Going down the data below, set down exactly the line with "7) pedestrian (1166,846,1173,861)" and each line after it through the line with "12) pedestrian (824,828,877,917)"; no other lines.

◆ ◆ ◆ ◆ ◆ ◆ ◆

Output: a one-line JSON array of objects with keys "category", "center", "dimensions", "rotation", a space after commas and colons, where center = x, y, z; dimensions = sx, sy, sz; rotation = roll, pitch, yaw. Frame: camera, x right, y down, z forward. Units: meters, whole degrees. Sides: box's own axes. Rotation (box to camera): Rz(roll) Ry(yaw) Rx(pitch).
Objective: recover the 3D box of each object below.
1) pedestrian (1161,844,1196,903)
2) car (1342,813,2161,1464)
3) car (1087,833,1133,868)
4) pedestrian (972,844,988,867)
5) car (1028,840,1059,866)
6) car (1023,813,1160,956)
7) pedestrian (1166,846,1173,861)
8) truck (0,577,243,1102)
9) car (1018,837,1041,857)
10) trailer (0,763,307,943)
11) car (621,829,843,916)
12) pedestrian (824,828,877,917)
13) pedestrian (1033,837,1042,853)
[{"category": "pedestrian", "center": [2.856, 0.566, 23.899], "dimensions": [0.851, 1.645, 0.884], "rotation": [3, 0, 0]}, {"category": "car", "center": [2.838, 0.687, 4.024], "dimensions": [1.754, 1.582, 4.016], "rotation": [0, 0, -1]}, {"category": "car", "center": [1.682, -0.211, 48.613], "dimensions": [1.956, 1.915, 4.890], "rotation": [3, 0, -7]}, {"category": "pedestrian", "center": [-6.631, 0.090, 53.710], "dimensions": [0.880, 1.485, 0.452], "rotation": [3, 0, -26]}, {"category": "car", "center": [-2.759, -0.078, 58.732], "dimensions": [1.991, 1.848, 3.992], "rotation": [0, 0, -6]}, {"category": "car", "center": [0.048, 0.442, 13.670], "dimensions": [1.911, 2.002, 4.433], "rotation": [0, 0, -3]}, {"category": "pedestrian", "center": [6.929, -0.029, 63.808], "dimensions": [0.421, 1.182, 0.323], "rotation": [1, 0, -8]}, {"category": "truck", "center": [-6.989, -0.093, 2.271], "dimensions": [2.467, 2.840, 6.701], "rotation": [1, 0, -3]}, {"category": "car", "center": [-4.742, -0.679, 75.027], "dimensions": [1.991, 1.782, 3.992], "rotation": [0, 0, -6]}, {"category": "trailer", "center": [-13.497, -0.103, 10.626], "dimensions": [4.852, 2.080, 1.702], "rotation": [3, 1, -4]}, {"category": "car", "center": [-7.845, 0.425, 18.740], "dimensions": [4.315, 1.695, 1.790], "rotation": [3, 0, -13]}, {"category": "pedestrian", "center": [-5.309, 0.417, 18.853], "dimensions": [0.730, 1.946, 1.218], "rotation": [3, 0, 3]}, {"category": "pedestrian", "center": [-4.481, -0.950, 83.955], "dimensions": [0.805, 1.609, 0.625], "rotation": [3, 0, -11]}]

◆ ◆ ◆ ◆ ◆ ◆ ◆

■ Written solution:
7) pedestrian (1166,846,1173,861)
8) truck (0,577,243,1102)
9) car (1018,837,1041,857)
10) trailer (0,763,307,943)
11) car (621,829,843,916)
12) pedestrian (824,828,877,917)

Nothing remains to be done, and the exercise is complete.